1. What news brought Nehemiah to tears, and what was his role in the Persian court?
- He heard that Ezra had died without completing the law reforms — Nehemiah was a scribe in the royal library at Babylon
- He heard that Persia was planning to revoke the decree of Cyrus — Nehemiah was a military commander stationed near Jerusalem
- He heard that the survivors in Judah were in great trouble, the wall of Jerusalem was broken down and its gates burned — Nehemiah was the king's cupbearer at Susa
- He heard the temple was not being used — the priests had stopped the sacrifices due to poverty. Nehemiah was a tax collector in Babylon
2. How did Nehemiah obtain permission from King Artaxerxes to return to Jerusalem?
- He organised a public demonstration outside the palace — the Persians were embarrassed and Artaxerxes summoned Nehemiah to settle the matter
- He submitted a formal written petition through official Persian channels — the process took six months to complete
- His grief showed on his face while serving the king. When the king asked why, Nehemiah prayed silently then told the king his concern. The king asked what he wanted — Nehemiah requested to be sent to Judah to rebuild the city, and the king granted it
- Nehemiah bribed a Persian official to intercede on his behalf — the money came from the Jewish community in Susa
3. What did Nehemiah do upon arriving in Jerusalem before announcing his plans?
- He confronted Sanballat and Tobiah publicly — warning them that God had commissioned him to rebuild and they would not be able to stop him
- He held a public assembly in the temple court to show the people the letters from Artaxerxes and announce his plan
- He met immediately with the priests and nobles to form a building committee and draw up architectural plans for the walls
- He spent three days resting. At night he went out with a small group to inspect the walls secretly — he had not told anyone what God had put in his heart to do
4. Who were the main opponents of the wall-building project, and what tactics did they use?

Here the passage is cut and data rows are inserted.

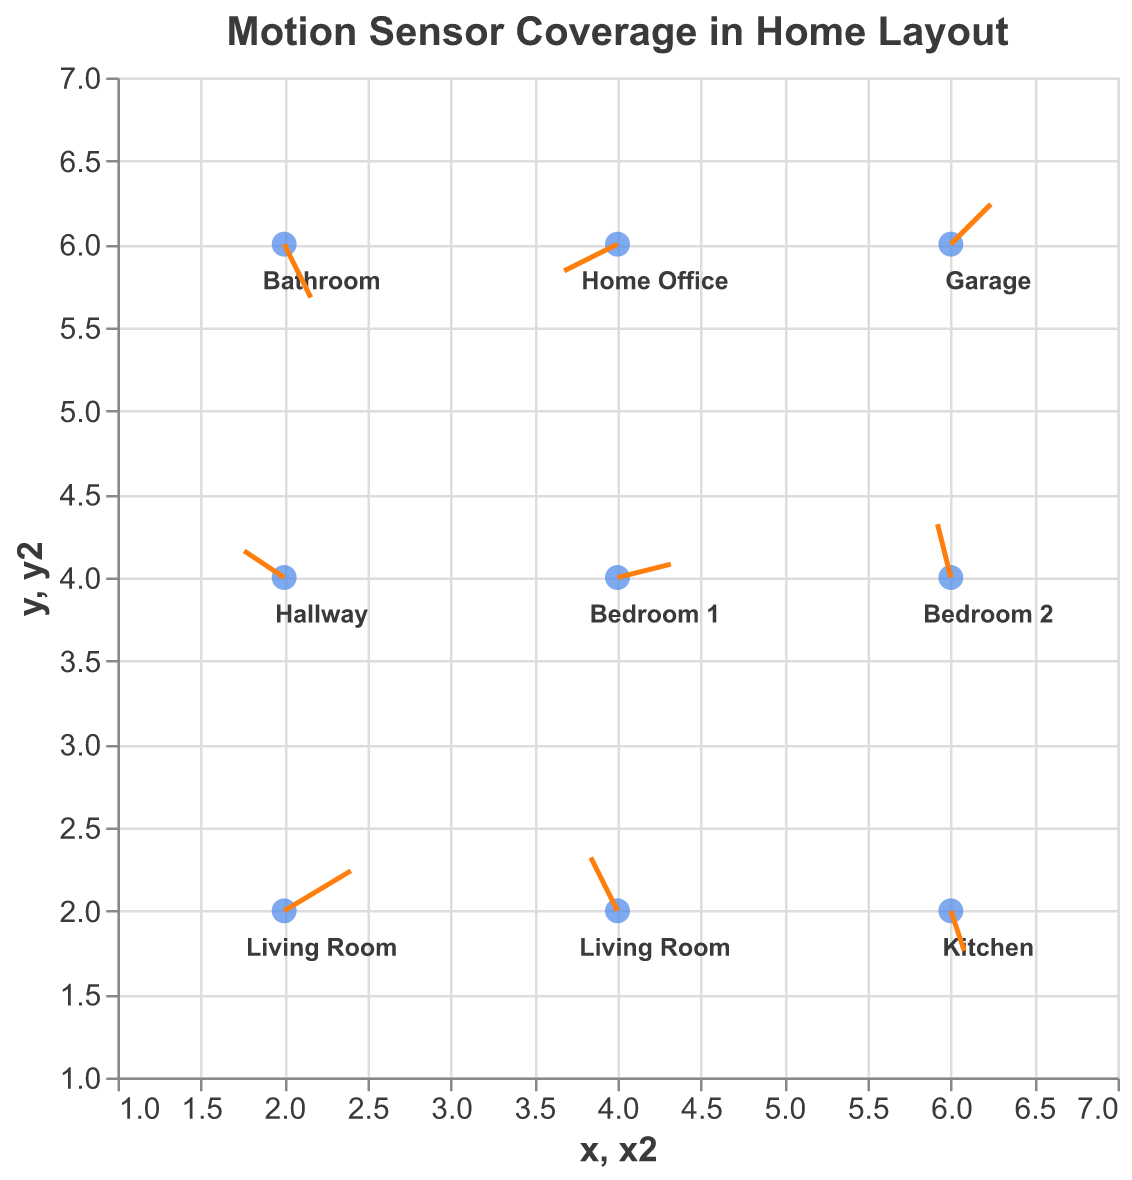What's the title of the figure? The title is usually found at the top of the figure. Here, it is written in a bold font to make it stand out.
Answer: Motion Sensor Coverage in Home Layout How many locations are shown in the figure? To find the number of locations, count the unique points labeled with location names in the plot.
Answer: 9 Which location has a motion vector pointing directly upwards? Look at the direction of the vectors (arrows). An upward vector means a positive value in the v component. The location with (u, v) as (-0.2, 0.4) fits this description.
Answer: Living Room (at x=4, y=2) Which location has the longest vector and what is its direction? To identify the longest vector, calculate the magnitude of each vector using sqrt(u^2 + v^2). The vector at x=2, y=2 has (u, v) as (0.5, 0.3). The magnitude is sqrt(0.5^2 + 0.3^2) = 0.583. No other vector exceeds this magnitude. Direction can be seen from the unit components (right and slightly upwards).
Answer: Living Room (x=2, y=2), right and upwards What’s the location of the vector closest to (5, 5)? To find the closest point, locate the data point nearest to (5, 5). Check the coordinates of each point. The point at (4, 4) is closest to (5, 5).
Answer: Bedroom 1 Which rooms have vectors pointing out of the origin of their placement? Look for vectors where both u and v components are positive. The locations with positive components are those pointing away from their point of origin.
Answer: Living Room (x=2, y=2), Bedroom 1, Garage What is the average x-coordinate of Living Room points? The x-coordinates of the Living Room are 2 and 4. Therefore, (2+4)/2 = 3.
Answer: 3 Compare the direction of the vectors in the Home Office and Kitchen. Which one points more downward? Check the 'v' values for these locations. Kitchen has v as -0.3 and Home Office has v as -0.2. A more negative value means it points more downward.
Answer: Kitchen What can you infer about motion coverage in the Garage from its vector? The Garage’s vector (0.3, 0.3) suggests motion detection is active and pointing diagonally upwards and to the right, indicating good coverage in that direction.
Answer: Active, diagonally upwards and right Which location likely has the least coverage based on vector length? The shortest vector would indicate the weakest coverage. Compute the magnitude of motion vector for all points. The smallest magnitude is at x=6, y=4, with coordinates (-0.1, 0.4) yielding sqrt((-0.1)^2 + 0.4^2) = 0.412.
Answer: Bedroom 2

- Internal opponents — wealthy Jews who profited from the status quo and tried to intimidate the poor builders into stopping work
- Sanballat the Horonite, Tobiah the Ammonite official, and Geshem the Arab. They mocked the builders, accused them of rebellion against Persia, threatened military attack, and tried to lure Nehemiah to a meeting to harm him
- The Philistines, Edomites and Moabites — they organised military raids against the construction sites
- The Samaritans and the Assyrian descendants — they appealed to Artaxerxes to revoke the building permit
5. How long did the wall-building take from start to completion?
- Fifty-two days — completed from the twenty-fifth of Elul despite the constant opposition, causing enemies to recognise that God had helped Israel
- One year and four months — three months to clear the rubble, then nine months of actual building
- Seven months — matching the seven months Moses spent on Sinai receiving the law
- Two years — the opposition caused significant delays and the builders had to restart sections that were sabotaged
6. What social injustice did Nehemiah confront mid-way through the building project, and how was it resolved?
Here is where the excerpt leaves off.